■ **Work instruction**
Pull out of the data below the stretch of lines bounded by the one containing "11. boot at [367, 233, 387, 253]" and the one containing "15. ballet flat at [341, 154, 420, 183]", both bounds included, unchanged.
»»
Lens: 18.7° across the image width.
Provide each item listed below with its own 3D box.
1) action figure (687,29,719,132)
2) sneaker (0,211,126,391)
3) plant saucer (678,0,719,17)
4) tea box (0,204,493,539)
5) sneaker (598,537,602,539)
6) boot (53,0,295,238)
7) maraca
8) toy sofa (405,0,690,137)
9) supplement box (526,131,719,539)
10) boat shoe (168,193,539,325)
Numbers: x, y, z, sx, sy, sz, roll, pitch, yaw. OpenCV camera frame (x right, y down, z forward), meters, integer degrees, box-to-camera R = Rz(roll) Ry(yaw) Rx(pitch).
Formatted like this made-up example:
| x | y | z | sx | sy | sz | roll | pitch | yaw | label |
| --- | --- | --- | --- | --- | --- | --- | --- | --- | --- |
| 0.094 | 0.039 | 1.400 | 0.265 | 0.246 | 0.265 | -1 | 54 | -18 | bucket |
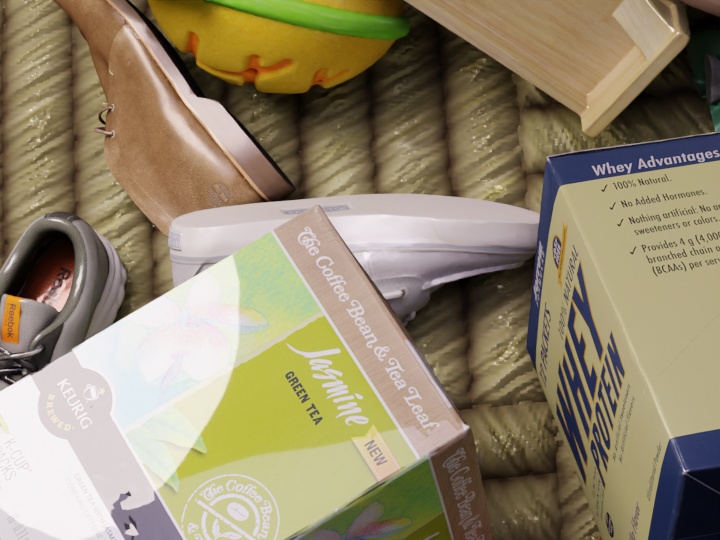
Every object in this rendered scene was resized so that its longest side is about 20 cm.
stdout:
| x | y | z | sx | sy | sz | roll | pitch | yaw | label |
| --- | --- | --- | --- | --- | --- | --- | --- | --- | --- |
| 0.287 | -0.106 | 1.168 | 0.200 | 0.055 | 0.118 | -13 | 65 | -3 | action figure |
| -0.184 | 0.060 | 1.143 | 0.074 | 0.079 | 0.200 | 13 | 72 | 10 | sneaker |
| 0.175 | -0.196 | 1.149 | 0.200 | 0.029 | 0.200 | 18 | 35 | -13 | plant saucer |
| -0.056 | 0.103 | 1.011 | 0.197 | 0.200 | 0.134 | -32 | 68 | -6 | tea box |
| 0.090 | 0.169 | 1.068 | 0.115 | 0.078 | 0.200 | 16 | 70 | 11 | sneaker |
| -0.125 | -0.094 | 1.206 | 0.075 | 0.074 | 0.200 | -41 | 69 | 4 | boot |
| -0.065 | -0.153 | 1.168 | 0.137 | 0.200 | 0.107 | 29 | 109 | 55 | maraca |
| 0.073 | -0.167 | 1.148 | 0.200 | 0.083 | 0.098 | 30 | 33 | -20 | toy sofa |
| 0.202 | 0.046 | 1.020 | 0.200 | 0.134 | 0.200 | -8 | 46 | -10 | supplement box |
| 0.000 | 0.000 | 1.151 | 0.200 | 0.072 | 0.069 | -5 | 104 | -15 | boat shoe |
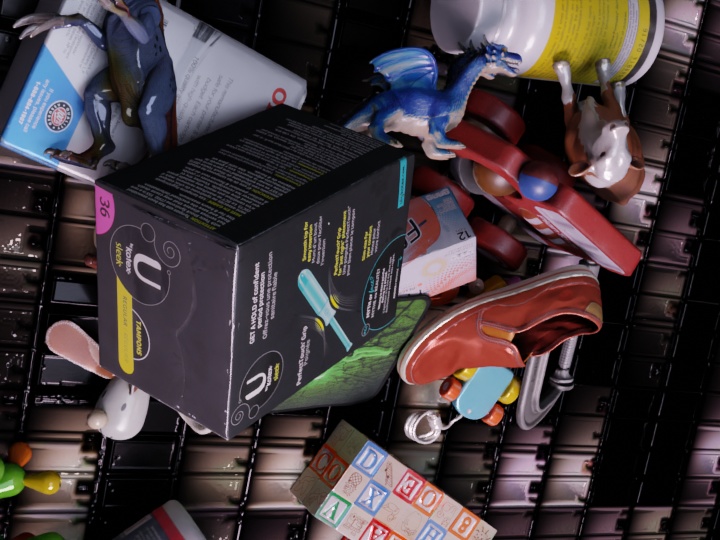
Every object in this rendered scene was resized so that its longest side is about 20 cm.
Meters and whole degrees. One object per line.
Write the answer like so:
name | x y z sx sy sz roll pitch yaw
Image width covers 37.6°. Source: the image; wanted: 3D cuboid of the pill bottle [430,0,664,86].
pill bottle | 0.168 -0.229 0.962 0.199 0.111 0.112 -1 103 -29

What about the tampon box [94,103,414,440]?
tampon box | -0.073 -0.009 0.749 0.200 0.126 0.151 -32 137 -48

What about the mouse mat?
mouse mat | -0.046 0.079 0.932 0.199 0.008 0.161 -3 140 -28

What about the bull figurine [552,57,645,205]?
bull figurine | 0.215 -0.119 0.941 0.065 0.200 0.122 -10 78 15

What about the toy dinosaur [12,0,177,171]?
toy dinosaur | -0.166 -0.159 0.742 0.200 0.105 0.182 22 81 -64

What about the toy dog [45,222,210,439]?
toy dog | -0.190 0.046 0.838 0.096 0.131 0.201 -13 102 -56

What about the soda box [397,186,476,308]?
soda box | 0.000 0.000 0.916 0.199 0.064 0.069 -21 146 -7

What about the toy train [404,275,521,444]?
toy train | 0.086 0.063 1.030 0.149 0.056 0.201 -9 112 -11

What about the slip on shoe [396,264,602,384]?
slip on shoe | 0.125 0.060 0.953 0.199 0.061 0.074 -23 143 12

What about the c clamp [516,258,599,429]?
c clamp | 0.211 0.062 1.078 0.171 0.027 0.201 -18 125 -58

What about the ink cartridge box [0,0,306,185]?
ink cartridge box | -0.164 -0.128 0.821 0.199 0.086 0.147 25 91 -32

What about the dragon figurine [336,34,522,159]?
dragon figurine | 0.034 -0.145 0.869 0.199 0.059 0.100 -2 82 -8

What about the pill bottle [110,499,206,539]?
pill bottle | -0.207 0.298 0.888 0.200 0.119 0.120 -34 116 -17

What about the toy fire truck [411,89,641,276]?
toy fire truck | 0.147 -0.073 0.957 0.200 0.168 0.112 38 83 -31

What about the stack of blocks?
stack of blocks | 0.028 0.248 1.038 0.200 0.059 0.115 40 83 -30

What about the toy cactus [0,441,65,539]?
toy cactus | -0.335 0.193 0.822 0.200 0.102 0.165 32 105 -33
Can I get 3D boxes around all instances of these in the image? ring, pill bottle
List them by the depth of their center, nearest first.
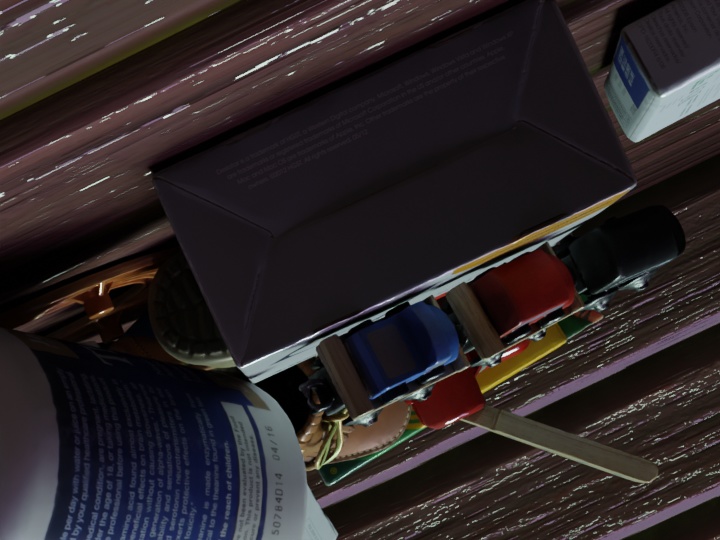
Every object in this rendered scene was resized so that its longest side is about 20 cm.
[{"bbox_3d":[-0.123,0.080,0.672,0.111,0.111,0.200,-27,152,34],"label":"pill bottle"},{"bbox_3d":[-0.163,0.038,0.868,0.200,0.019,0.200,-25,176,-2],"label":"ring"}]

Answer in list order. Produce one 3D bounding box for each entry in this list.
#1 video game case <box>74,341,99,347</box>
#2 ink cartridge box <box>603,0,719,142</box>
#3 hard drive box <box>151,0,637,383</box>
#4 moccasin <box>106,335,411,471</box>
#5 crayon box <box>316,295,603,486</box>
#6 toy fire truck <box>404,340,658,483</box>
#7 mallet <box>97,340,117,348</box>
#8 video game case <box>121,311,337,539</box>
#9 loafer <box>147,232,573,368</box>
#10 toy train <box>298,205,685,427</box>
[{"bbox_3d":[-0.235,0.093,0.780,0.200,0.046,0.181,-26,169,39],"label":"video game case"},{"bbox_3d":[0.212,-0.131,0.842,0.199,0.043,0.196,-29,176,4],"label":"ink cartridge box"},{"bbox_3d":[0.009,-0.023,0.706,0.155,0.077,0.200,-25,177,-3],"label":"hard drive box"},{"bbox_3d":[-0.042,0.069,0.940,0.078,0.074,0.201,14,177,44],"label":"moccasin"},{"bbox_3d":[0.033,0.024,1.072,0.200,0.127,0.051,-32,175,-3],"label":"crayon box"},{"bbox_3d":[0.063,0.037,0.948,0.128,0.201,0.176,-26,176,14],"label":"toy fire truck"},{"bbox_3d":[-0.148,0.052,1.083,0.066,0.041,0.200,-32,169,34],"label":"mallet"},{"bbox_3d":[-0.120,0.147,0.972,0.045,0.182,0.200,8,-135,43],"label":"video game case"},{"bbox_3d":[0.000,0.000,0.839,0.199,0.076,0.067,-9,174,-3],"label":"loafer"},{"bbox_3d":[0.057,0.013,0.667,0.200,0.034,0.046,-23,172,-41],"label":"toy train"}]
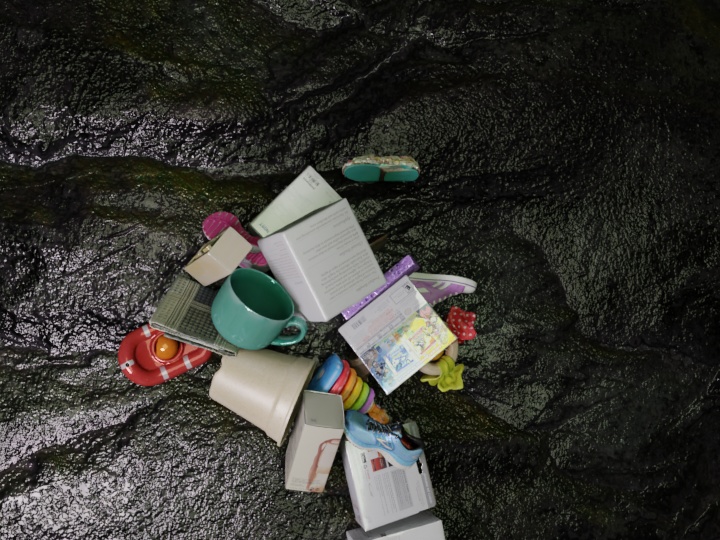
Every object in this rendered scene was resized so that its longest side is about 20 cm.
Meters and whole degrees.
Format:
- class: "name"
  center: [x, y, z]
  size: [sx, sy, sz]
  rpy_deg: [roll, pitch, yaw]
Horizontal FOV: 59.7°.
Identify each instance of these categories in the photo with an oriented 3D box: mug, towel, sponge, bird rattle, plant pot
- class: "mug"
  center: [-0.219, 0.098, 1.289]
  size: [0.185, 0.152, 0.115]
  rpy_deg: [46, 115, 16]
- class: "towel"
  center: [-0.336, 0.100, 1.342]
  size: [0.191, 0.200, 0.035]
  rpy_deg: [23, 117, -9]
- class: "sponge"
  center: [0.047, 0.040, 1.429]
  size: [0.200, 0.112, 0.030]
  rpy_deg: [-39, 80, 5]
- class: "bird rattle"
  center: [0.190, 0.175, 1.458]
  size: [0.162, 0.112, 0.202]
  rpy_deg: [18, 83, -27]
- class: "plant pot"
  center: [-0.214, 0.247, 1.347]
  size: [0.182, 0.201, 0.202]
  rpy_deg: [22, 78, 2]

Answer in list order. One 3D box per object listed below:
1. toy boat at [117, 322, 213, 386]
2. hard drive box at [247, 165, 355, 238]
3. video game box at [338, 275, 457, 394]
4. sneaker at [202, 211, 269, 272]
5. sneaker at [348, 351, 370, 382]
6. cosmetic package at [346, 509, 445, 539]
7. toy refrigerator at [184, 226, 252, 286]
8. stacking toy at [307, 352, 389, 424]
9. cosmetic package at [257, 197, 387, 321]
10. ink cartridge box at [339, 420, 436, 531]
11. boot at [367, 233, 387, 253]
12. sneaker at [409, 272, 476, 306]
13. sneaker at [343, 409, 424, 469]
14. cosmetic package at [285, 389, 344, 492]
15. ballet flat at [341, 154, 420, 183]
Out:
- class: "toy boat"
  center: [-0.412, 0.163, 1.331]
  size: [0.199, 0.131, 0.131]
  rpy_deg: [-25, 88, -14]
- class: "hard drive box"
  center: [-0.137, -0.114, 1.455]
  size: [0.156, 0.077, 0.200]
  rpy_deg: [45, 76, -3]
- class: "video game box"
  center: [0.083, 0.143, 1.402]
  size: [0.200, 0.047, 0.183]
  rpy_deg: [-38, 77, -1]
- class: "sneaker"
  center: [-0.275, -0.054, 1.417]
  size: [0.200, 0.088, 0.081]
  rpy_deg: [36, 66, 18]
- class: "sneaker"
  center: [0.067, 0.187, 1.478]
  size: [0.199, 0.070, 0.076]
  rpy_deg: [-28, 110, -13]
- class: "cosmetic package"
  center: [0.081, 0.605, 1.395]
  size: [0.198, 0.113, 0.082]
  rpy_deg: [-12, 86, -15]
- class: "toy refrigerator"
  center: [-0.306, -0.028, 1.327]
  size: [0.070, 0.200, 0.076]
  rpy_deg: [43, 65, -16]
- class: "stacking toy"
  center: [-0.011, 0.286, 1.417]
  size: [0.200, 0.116, 0.110]
  rpy_deg: [37, 90, -13]
- class: "cosmetic package"
  center: [-0.083, -0.018, 1.324]
  size: [0.167, 0.166, 0.201]
  rpy_deg: [-30, 100, -26]
- class: "ink cartridge box"
  center: [0.059, 0.455, 1.422]
  size: [0.174, 0.084, 0.202]
  rpy_deg: [-12, 86, -15]
- class: "boot"
  center: [0.000, 0.000, 1.482]
  size: [0.199, 0.075, 0.097]
  rpy_deg: [-36, 102, -6]
- class: "sneaker"
  center: [0.178, 0.066, 1.509]
  size: [0.199, 0.073, 0.115]
  rpy_deg: [4, 83, -1]
- class: "sneaker"
  center: [0.051, 0.342, 1.336]
  size: [0.199, 0.090, 0.079]
  rpy_deg: [30, 36, -15]
- class: "cosmetic package"
  center: [-0.100, 0.365, 1.337]
  size: [0.087, 0.104, 0.201]
  rpy_deg: [10, 123, -12]
- class: "ballet flat"
  center: [0.048, -0.251, 1.528]
  size: [0.198, 0.076, 0.064]
  rpy_deg: [2, 51, -17]
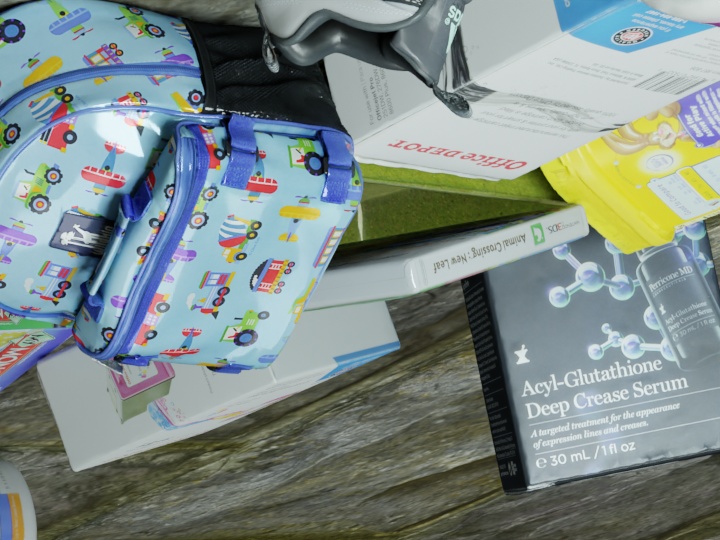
««
■ **Task answer**
11. boot at [367, 233, 387, 253]
12. sneaker at [409, 272, 476, 306]
13. sneaker at [343, 409, 424, 469]
14. cosmetic package at [285, 389, 344, 492]
15. ballet flat at [341, 154, 420, 183]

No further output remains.